Our frisky Lisa has the run of the house
Our Lisa is frisky and resolved to keep up with her brother
     
Lisa in Tom's room
Lisa is quite at home in Tom's room

Lisa has been perhaps Tom's most favorite member of our family. He keeps a close watch of his sister -- we thought that his expression of disagreement when a strange woman on an airplane held Lisa, were inconsequential, but Tommy really does not tolerate others being interested in his little sister. When we drive out on a weekend, he makes sure that everybody comes along -- "tata", "mama" and "Lizi". He naturally keeps ripping toys out of her little hands, but Lisa counters with shrieking, which threatens to rupture one's eardrums and/or window panes. I am not afraid of her being unable to fight back. Now that Lizzy became quite mobile, they sometimes play "catch" - Lisa furiously crawls all over the house and Tom does peek-a-boo around corners, and they cackle madly. The other day Lisa tried to crawl up onto a mattress, and Tom rushed to pull her up by her sweat pants.

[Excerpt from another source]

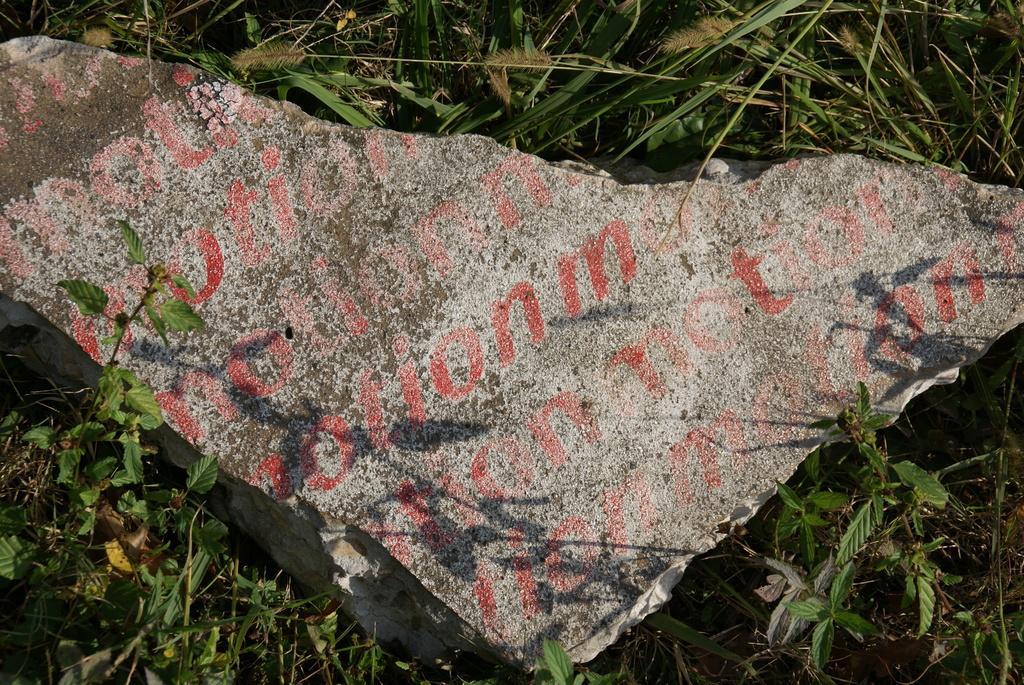What is the main subject in the center of the image? There is a stone in the center of the image. What type of vegetation can be seen at the bottom of the image? There are plants at the bottom of the image. What type of ground cover is present at the top of the image? Grass is present at the top of the image. What type of thrill can be experienced while wearing the vest in the image? There is no vest present in the image, and therefore no thrill can be experienced from wearing it.

Lizzy insists to crawl on her stomach -- on our carpet-free hardwood floors she's lightning-fast, and I fear that there won't be anything forcing her to get up on her knees. Strangely, she has mastered our only step -- as I found out one afternoon. Tom slept and Lisa managed to escape me about four times over the step into our hallway, where she sped towards Tommy's room. She must have found her mother too boring. If only she would express her courage do disconnect from mama in other places than at home, that would be life!

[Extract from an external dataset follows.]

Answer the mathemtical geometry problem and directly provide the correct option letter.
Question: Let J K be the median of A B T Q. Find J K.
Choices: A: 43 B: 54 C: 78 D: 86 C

The last news of this week is my apparent end with nursing. Lisa and I reached a stage when after an hour of feeding I feel all chewed up, and she stays unhappy and hungry. She keeps wanting to bite into mama (especially when she's tired and want to cuddle more than anything else), but is would seem that a bottle became her new friend. She does not have much choice -- and I'm telling myself that if I cease to be the only acceptable source of nutrition, perhaps she stops being so attached to me. Well I should know better, but I can hope, can I not?